II-SG, ileal interposition sleeve gastrectomy; II-DSG, ileal interposition diverted sleeve gastrectomy; BMI, body mass index; T2DM, type 2 diabetes mellitus

A number of risk factors and other variables related to metabolic syndrome were assessed at baseline. The components of metabolic syndrome were defined according to the Third Report of the National Cholesterol Education Program’s Adult Treatment Panel (ATPIII). The presence of T2DM did not exclude the diagnosis of metabolic syndrome [13]. The cut points for the five components included a waist circumference of 102 cm for men and 88 cm for women, a triglyceride level of 150 mg/dl or higher, a high-density lipoprotein (HDL) cholesterol level lower than 40 mg/dl for the men and lower than 50 mg/dl for the women, a blood pressure of 130/85 mmHg or higher, and a fasting glucose level of 100 mg/dl or higher. Patients were classified as having metabolic syndrome if they fulfilled three or more of these listed criteria thresholds.

All the patients had received the diagnosis of T2DM at least 3 years previously. The mean duration of T2DM was 9.6 ± 4.6 years (range, 3–22 years). Associated criteria included documentation of glycated hemoglobin (HbA1c) exceeding 7.5% for at least 3 months; stable weight, defined as no significant change (>3%) over the 3 months before enrollment; and evidence of stable treatment with oral hypoglycemic therapy, insulin, or both for at least 12 months.
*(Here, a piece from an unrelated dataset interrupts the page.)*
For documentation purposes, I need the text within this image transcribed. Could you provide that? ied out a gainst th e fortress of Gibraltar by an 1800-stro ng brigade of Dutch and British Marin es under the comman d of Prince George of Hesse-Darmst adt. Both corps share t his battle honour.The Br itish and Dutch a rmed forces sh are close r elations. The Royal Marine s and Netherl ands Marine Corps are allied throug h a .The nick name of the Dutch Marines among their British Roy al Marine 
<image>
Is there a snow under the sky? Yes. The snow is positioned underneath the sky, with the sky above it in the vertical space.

No special criteria were used to determine the two different configurations of the procedures, although it was assumed that the diverted version would be more effective in controlling T2DM. The exclusion criteria specified elderly patients (age, >66 years), previous major upper abdominal surgery, pregnancy, malignant or debilitating disease, severe pulmonary or cardiac disease, severe renal disease (glomerular filtration rate lower than 30 ml/min), use of appetite suppressant medication, eating disorder such as bulimia or binge-eating, and obesity due to any other endocrine disorder.
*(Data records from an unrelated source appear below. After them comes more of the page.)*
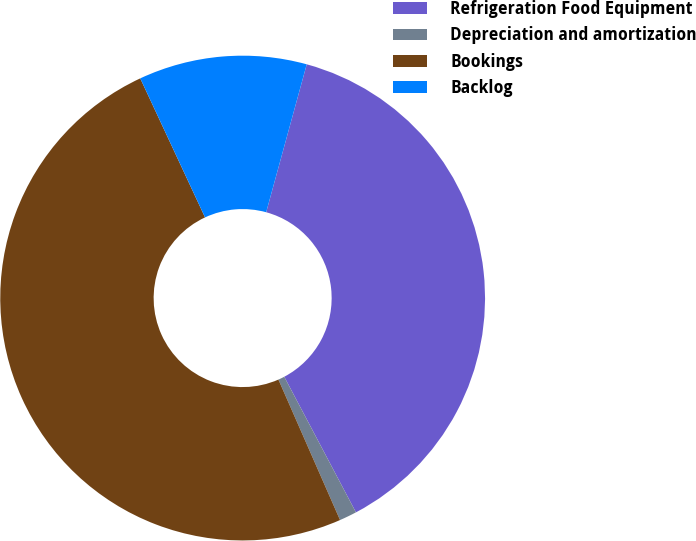Convert chart. <chart><loc_0><loc_0><loc_500><loc_500><pie_chart><fcel>Refrigeration Food Equipment<fcel>Depreciation and amortization<fcel>Bookings<fcel>Backlog<nl><fcel>38.0%<fcel>1.16%<fcel>49.64%<fcel>11.2%<nl></chart> 
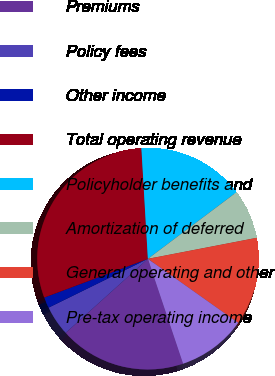Convert chart to OTSL. <chart><loc_0><loc_0><loc_500><loc_500><pie_chart><fcel>Premiums<fcel>Policy fees<fcel>Other income<fcel>Total operating revenue<fcel>Policyholder benefits and<fcel>Amortization of deferred<fcel>General operating and other<fcel>Pre-tax operating income<nl><fcel>18.49%<fcel>4.4%<fcel>1.58%<fcel>29.76%<fcel>15.67%<fcel>7.22%<fcel>12.85%<fcel>10.03%<nl></chart> 
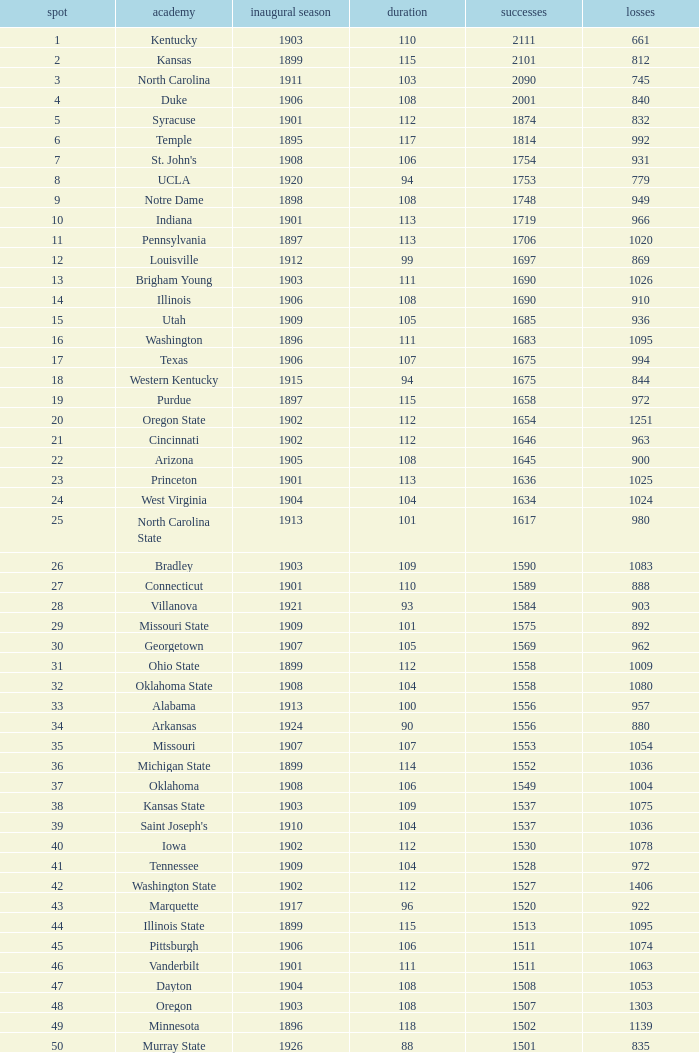What is the total of First Season games with 1537 Wins and a Season greater than 109? None. 
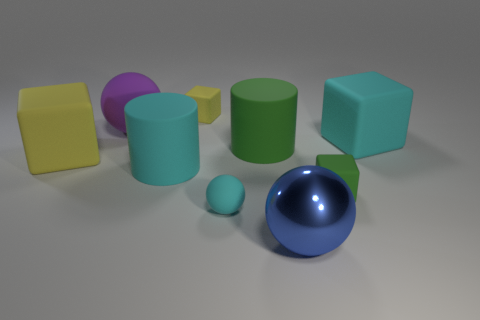Subtract 1 cubes. How many cubes are left? 3 Add 1 large red metal objects. How many objects exist? 10 Subtract all balls. How many objects are left? 6 Subtract 0 purple cylinders. How many objects are left? 9 Subtract all tiny red spheres. Subtract all big cyan cylinders. How many objects are left? 8 Add 4 big cylinders. How many big cylinders are left? 6 Add 3 tiny green cylinders. How many tiny green cylinders exist? 3 
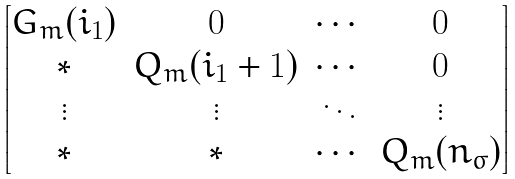<formula> <loc_0><loc_0><loc_500><loc_500>\begin{bmatrix} G _ { m } ( i _ { 1 } ) & 0 & \cdots & 0 \\ \ast & Q _ { m } ( i _ { 1 } + 1 ) & \cdots & 0 \\ \vdots & \vdots & \ddots & \vdots \\ \ast & \ast & \cdots & Q _ { m } ( n _ { \sigma } ) \end{bmatrix}</formula> 
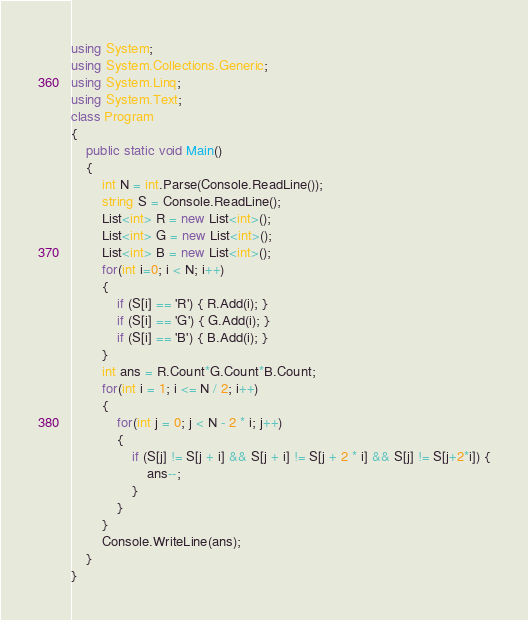Convert code to text. <code><loc_0><loc_0><loc_500><loc_500><_C#_>using System;
using System.Collections.Generic;
using System.Linq;
using System.Text;
class Program
{
    public static void Main()
    {
        int N = int.Parse(Console.ReadLine());
        string S = Console.ReadLine();
        List<int> R = new List<int>();
        List<int> G = new List<int>();
        List<int> B = new List<int>();
        for(int i=0; i < N; i++)
        {
            if (S[i] == 'R') { R.Add(i); }
            if (S[i] == 'G') { G.Add(i); }
            if (S[i] == 'B') { B.Add(i); }
        }
        int ans = R.Count*G.Count*B.Count;
        for(int i = 1; i <= N / 2; i++)
        {
            for(int j = 0; j < N - 2 * i; j++)
            {
                if (S[j] != S[j + i] && S[j + i] != S[j + 2 * i] && S[j] != S[j+2*i]) {
                    ans--;
                }
            }
        }
        Console.WriteLine(ans);
    }
}</code>

Specific preoperative clinical assessment included family history of cardiovascular or coronary heart disease (11.7%), family history of T2DM (75%), associated CHD (15%), cigarette smoking (10%), waist circumference, and blood pressure via casual blood pressure measurement. Specific preoperative tests included fasting lipid profile, tests for microalbuminuria and serum creatinine, and estimates of glomerular filtration rate, C-reactive protein (CRP) levels, nonesterified fatty acids, adiponectin, resistin, interleukin-6, leptin, glucagon-like peptide-1 (GLP-1), glucose-dependent insulinotropic peptide (GIP), peptide YY and anti-GAD test.

All samples were assayed in duplicate through enzyme-linked immunoassay (ELISA) tests after the following sequence. Blood samples were collected into chilled tubes containing ethylenediaminetetraacetic acid (EDTA) and aprotinin, then kept on ice until centrifugation at 4°C. Plasma was separated and stored at –20°C until analysis through ELISA commercial kit tests (Linco Research, St Louis, MO, USA), performed within 30–60 min. This method with the respective kit was used for adiponectin, resistin, interleukin-6, leptin, GLP-1, GIP, and peptide YY. Other tests included Doppler study of the carotid arteries, retinopathy screening, and detailed cardiac evaluation. Biochemical markers of T2DM were obtained including fasting plasma glucose, postprandial plasma glucose, HbA1c, fasting plasma insulin, homeostasis model assessment of insulin resistance (HOMA-IR), and C-peptide. Plasma glucose concentrations were measured by a glucose oxidase method using a glucose analyzer (Yellow Springs Instrument Model YSI 2300 STAT plus analyzer; YSI, Inc.,Yellow Springs, OH, USA). Plasma insulin and C-peptide concentrations were measured by auto-DELPHIA automatic fluoroimmunoassay (Wallac, Inc., Turku, Finland).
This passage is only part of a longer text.